======== Listed records ========

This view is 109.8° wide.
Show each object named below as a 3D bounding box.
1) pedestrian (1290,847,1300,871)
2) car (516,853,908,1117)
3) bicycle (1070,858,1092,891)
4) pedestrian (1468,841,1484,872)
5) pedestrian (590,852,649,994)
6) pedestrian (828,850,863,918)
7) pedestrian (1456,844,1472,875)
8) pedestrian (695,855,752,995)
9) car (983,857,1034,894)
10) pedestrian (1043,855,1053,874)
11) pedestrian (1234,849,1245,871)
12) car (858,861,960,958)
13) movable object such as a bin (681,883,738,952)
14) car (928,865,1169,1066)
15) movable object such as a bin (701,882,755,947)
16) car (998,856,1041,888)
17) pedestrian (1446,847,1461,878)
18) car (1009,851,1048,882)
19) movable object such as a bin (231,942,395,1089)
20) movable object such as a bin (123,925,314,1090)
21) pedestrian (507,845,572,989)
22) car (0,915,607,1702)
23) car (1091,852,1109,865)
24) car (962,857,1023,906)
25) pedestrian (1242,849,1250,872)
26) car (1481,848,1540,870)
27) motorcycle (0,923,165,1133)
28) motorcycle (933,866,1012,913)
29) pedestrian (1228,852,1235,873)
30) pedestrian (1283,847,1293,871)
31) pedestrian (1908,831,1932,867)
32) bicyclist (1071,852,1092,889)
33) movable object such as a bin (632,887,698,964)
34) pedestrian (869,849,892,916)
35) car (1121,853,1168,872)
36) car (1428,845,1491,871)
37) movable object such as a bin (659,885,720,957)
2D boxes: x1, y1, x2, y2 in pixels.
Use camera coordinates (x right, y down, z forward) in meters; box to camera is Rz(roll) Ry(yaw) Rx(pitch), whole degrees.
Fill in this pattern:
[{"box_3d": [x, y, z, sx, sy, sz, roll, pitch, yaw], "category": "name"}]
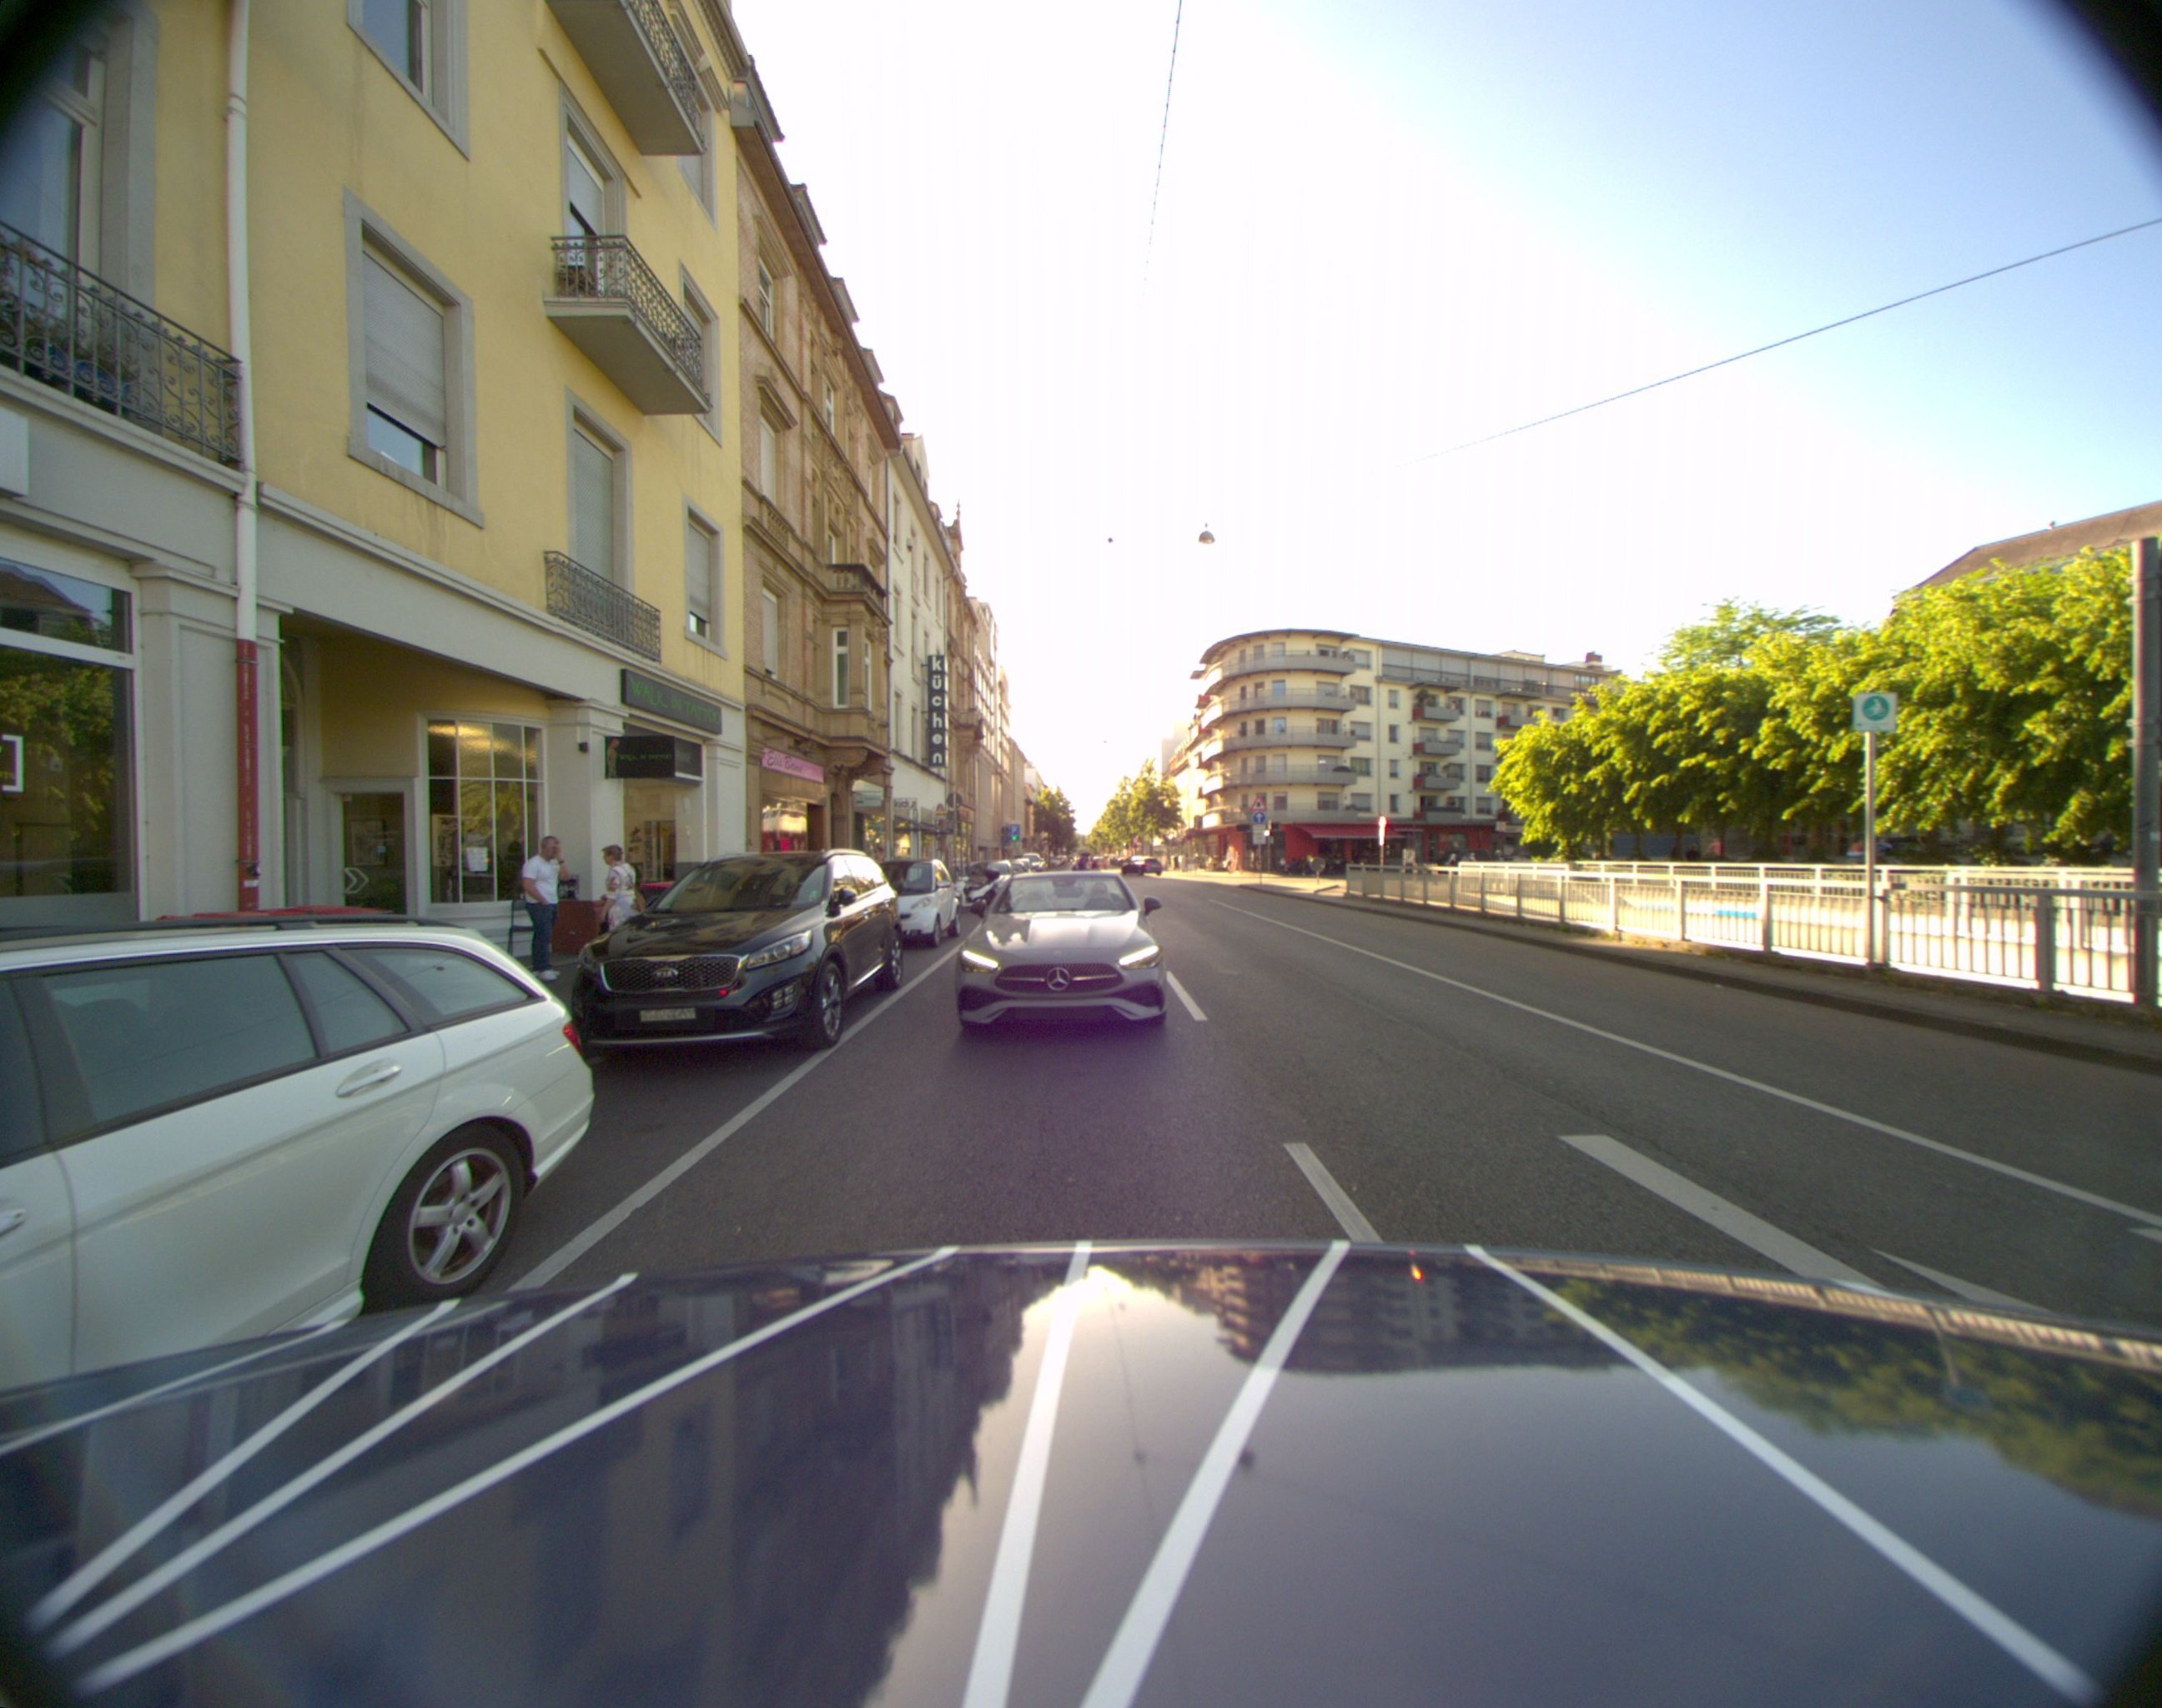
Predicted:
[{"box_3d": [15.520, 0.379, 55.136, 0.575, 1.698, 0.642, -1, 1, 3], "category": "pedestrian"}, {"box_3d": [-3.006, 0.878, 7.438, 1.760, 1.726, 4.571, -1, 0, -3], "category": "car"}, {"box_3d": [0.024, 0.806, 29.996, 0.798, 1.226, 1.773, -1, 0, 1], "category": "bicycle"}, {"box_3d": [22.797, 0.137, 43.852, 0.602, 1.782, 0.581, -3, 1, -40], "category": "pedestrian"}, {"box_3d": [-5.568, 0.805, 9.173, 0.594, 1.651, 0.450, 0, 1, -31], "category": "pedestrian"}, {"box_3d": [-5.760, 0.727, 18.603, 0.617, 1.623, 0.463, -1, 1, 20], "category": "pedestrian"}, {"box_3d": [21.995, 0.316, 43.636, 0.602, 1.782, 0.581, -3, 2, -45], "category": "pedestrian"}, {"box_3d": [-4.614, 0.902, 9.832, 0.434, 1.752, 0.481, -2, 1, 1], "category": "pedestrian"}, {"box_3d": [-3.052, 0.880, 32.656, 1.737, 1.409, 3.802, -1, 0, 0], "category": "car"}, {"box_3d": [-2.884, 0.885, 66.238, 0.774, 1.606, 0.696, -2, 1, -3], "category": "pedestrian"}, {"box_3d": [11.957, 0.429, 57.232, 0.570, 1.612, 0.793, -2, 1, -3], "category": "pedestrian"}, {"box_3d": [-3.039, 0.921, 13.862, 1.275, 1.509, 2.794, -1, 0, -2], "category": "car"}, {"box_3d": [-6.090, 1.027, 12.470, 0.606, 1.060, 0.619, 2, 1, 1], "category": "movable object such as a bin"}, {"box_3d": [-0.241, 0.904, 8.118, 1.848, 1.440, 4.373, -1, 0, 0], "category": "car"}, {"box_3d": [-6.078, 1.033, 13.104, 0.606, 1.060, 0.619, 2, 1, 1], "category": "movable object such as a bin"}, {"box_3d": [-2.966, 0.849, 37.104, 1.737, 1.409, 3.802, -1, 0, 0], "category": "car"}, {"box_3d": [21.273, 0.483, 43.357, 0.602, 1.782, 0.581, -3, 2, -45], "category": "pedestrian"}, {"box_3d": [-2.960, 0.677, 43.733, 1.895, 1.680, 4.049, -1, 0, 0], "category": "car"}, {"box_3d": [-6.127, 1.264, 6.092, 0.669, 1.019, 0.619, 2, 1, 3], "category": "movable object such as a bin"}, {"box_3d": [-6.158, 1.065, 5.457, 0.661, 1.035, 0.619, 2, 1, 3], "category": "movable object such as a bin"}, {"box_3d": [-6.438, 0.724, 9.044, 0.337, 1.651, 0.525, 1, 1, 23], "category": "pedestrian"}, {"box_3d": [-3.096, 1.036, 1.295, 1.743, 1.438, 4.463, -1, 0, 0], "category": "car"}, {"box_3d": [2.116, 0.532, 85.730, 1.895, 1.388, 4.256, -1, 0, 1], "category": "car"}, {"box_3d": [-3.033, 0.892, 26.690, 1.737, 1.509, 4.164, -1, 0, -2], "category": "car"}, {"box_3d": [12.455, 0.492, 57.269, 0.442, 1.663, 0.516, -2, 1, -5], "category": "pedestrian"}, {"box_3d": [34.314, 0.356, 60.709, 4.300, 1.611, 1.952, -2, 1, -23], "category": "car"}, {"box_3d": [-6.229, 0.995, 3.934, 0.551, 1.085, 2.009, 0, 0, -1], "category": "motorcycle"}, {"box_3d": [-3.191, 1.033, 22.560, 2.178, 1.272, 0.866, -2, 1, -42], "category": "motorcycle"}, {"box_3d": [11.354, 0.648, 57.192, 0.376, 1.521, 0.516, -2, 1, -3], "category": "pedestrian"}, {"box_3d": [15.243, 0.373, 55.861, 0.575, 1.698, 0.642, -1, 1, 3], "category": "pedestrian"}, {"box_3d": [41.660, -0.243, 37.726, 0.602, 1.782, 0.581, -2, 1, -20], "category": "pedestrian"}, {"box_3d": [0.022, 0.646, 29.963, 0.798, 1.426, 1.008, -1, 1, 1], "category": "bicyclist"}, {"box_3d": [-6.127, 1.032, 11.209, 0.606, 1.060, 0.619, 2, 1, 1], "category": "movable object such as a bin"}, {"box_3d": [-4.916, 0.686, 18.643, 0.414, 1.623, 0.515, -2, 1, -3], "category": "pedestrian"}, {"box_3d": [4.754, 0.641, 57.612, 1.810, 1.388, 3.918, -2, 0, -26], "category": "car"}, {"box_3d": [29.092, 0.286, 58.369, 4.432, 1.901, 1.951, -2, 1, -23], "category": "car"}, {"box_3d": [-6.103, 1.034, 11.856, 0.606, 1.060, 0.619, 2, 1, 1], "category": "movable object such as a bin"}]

========

● **Assignment**:
Output the lines of the records above exactly as they appear, from the line containing "29) pedestrian (1228,852,1235,873)" through the line containing "Fill in this".

● **Task response**:
29) pedestrian (1228,852,1235,873)
30) pedestrian (1283,847,1293,871)
31) pedestrian (1908,831,1932,867)
32) bicyclist (1071,852,1092,889)
33) movable object such as a bin (632,887,698,964)
34) pedestrian (869,849,892,916)
35) car (1121,853,1168,872)
36) car (1428,845,1491,871)
37) movable object such as a bin (659,885,720,957)
2D boxes: x1, y1, x2, y2 in pixels.
Use camera coordinates (x right, y down, z forward) in meters; box to camera is Rz(roll) Ry(yaw) Rx(pitch), whole degrees.
Fill in this pattern:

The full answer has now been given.